* [Exercise objective]: Every entry that follows should be repeated exactly; drop the images.

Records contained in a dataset
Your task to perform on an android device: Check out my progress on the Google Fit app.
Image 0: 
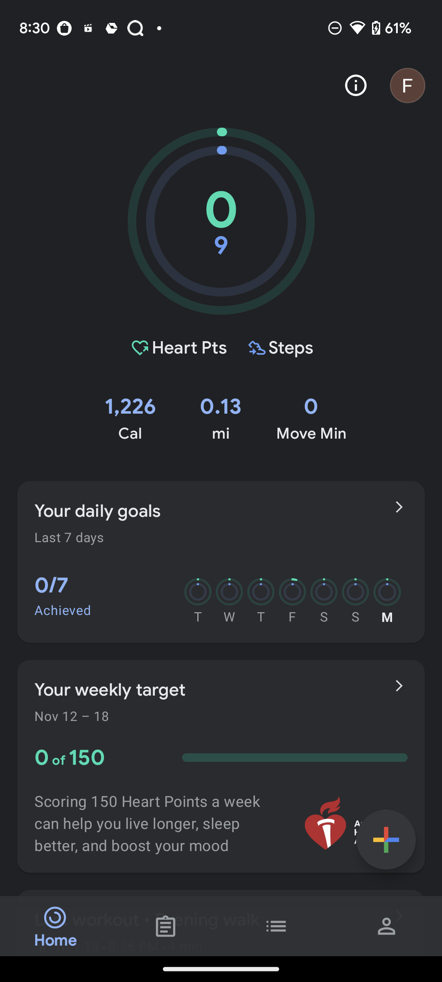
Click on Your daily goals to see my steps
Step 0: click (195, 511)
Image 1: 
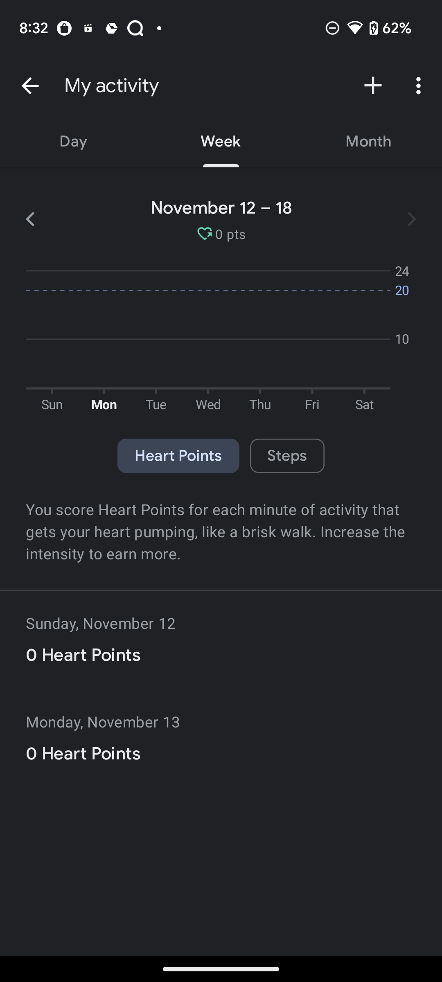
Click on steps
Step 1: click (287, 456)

* [Written solution]:
Your task to perform on an android device: Check out my progress on the Google Fit app.
Image 0: 
Click on Your daily goals to see my steps
Step 0: click (195, 511)
Image 1: 
Click on steps
Step 1: click (287, 456)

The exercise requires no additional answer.